When asked to contrast himself with other candidates by a voter (“Christie and the other guy…. Bush”) Kasich said “no” before turning to his record in Ohio.
“I’m an Independent guy, the Republican party is my vehicle but it has never been my master,” Kasich told a town hall audience in Keene Saturday.
“But I am a conservative who believes that conservative principles can help us to rise,” Kasich added. “People who may not think exactly the way that I do that want to come and play in the orchestra they’re all going to be welcome.”
Attacks from the field
As Kasich has shown movement in polling groups supporting other candidates have hammered him with ads and mailers attacking him for being too liberal on policies like Medicare and Common Core. But several voters at Kasich’s event told CNN those positions didn’t bother them.
Mary Epstein, 56, was one of the first voters to walk into Kasich’s Amherst town hall and told CNN she identifies as Independent. She voted for President Obama in 2008 and 2012 (“big mistake”) but is not considering Democratic candidates this year. She was leaning heavily towards Kasich and was seeing him for the second time to lock it in.
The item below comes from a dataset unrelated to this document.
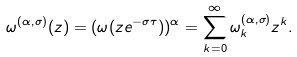<formula> <loc_0><loc_0><loc_500><loc_500>\omega ^ { ( \alpha , \sigma ) } ( z ) = ( \omega ( z e ^ { - \sigma \tau } ) ) ^ { \alpha } = \sum _ { k = 0 } ^ { \infty } \omega ^ { ( \alpha , \sigma ) } _ { k } z ^ { k } .</formula> 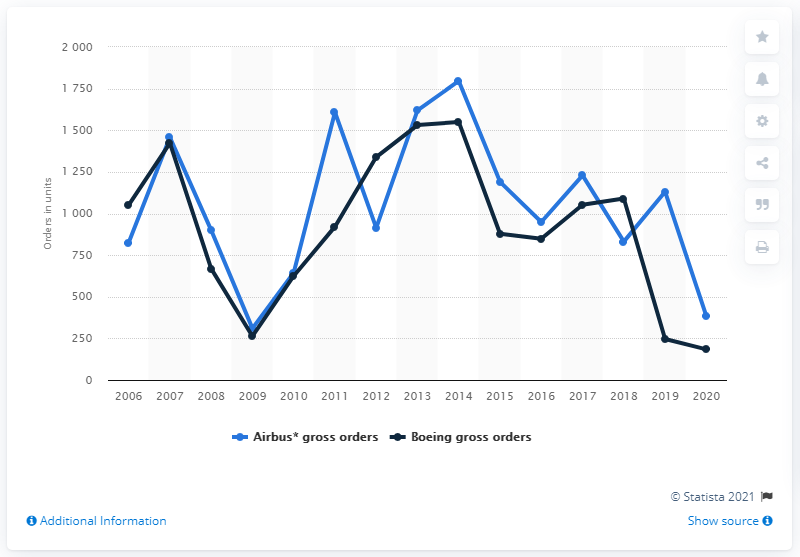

“He reminds me of Jon Huntsman and I liked him,” Epstein said, tying Kasich to the moderate Republican presidential candidate who dropped out after finishing third in New Hampshire four years ago. “I think he’s very practical, and he seems to have a plan.”
In Amherst, Kasich fielded one question on his support for Common Core standards by saying, “I don’t know what that really means, let me tell you what I’m for, in my state I’m for high standards and a curriculum set by local school boards.”
Another voter asked him for advice to give the state legislature on trying to expand Medicare. Kasich said he wasn’t so sure they wanted his advice, but said he did it in Ohio to bring back money “we send” to Washington for treating the mentally ill and drug addicted in Ohio.
Kasich’s campaign acknowledges the candidate’s appeal to moderate voters but says they are competitive among a spectrum of conservative voters as well.
Steve Richardson, 77, of Bedford, is a registered Republican and is considering the more conservative Cruz, though he was leaning towards Kasich and was sitting in the front row in Amherst. He told CNN he wasn’t bothered by many of the recent attacks.
“Well you know you’re never going to get any one candidate that fulfills all your desires,” Richardson said. “I think it means a lot, what you’ve done, you can say anything but what you’ve done is what really counts I think.”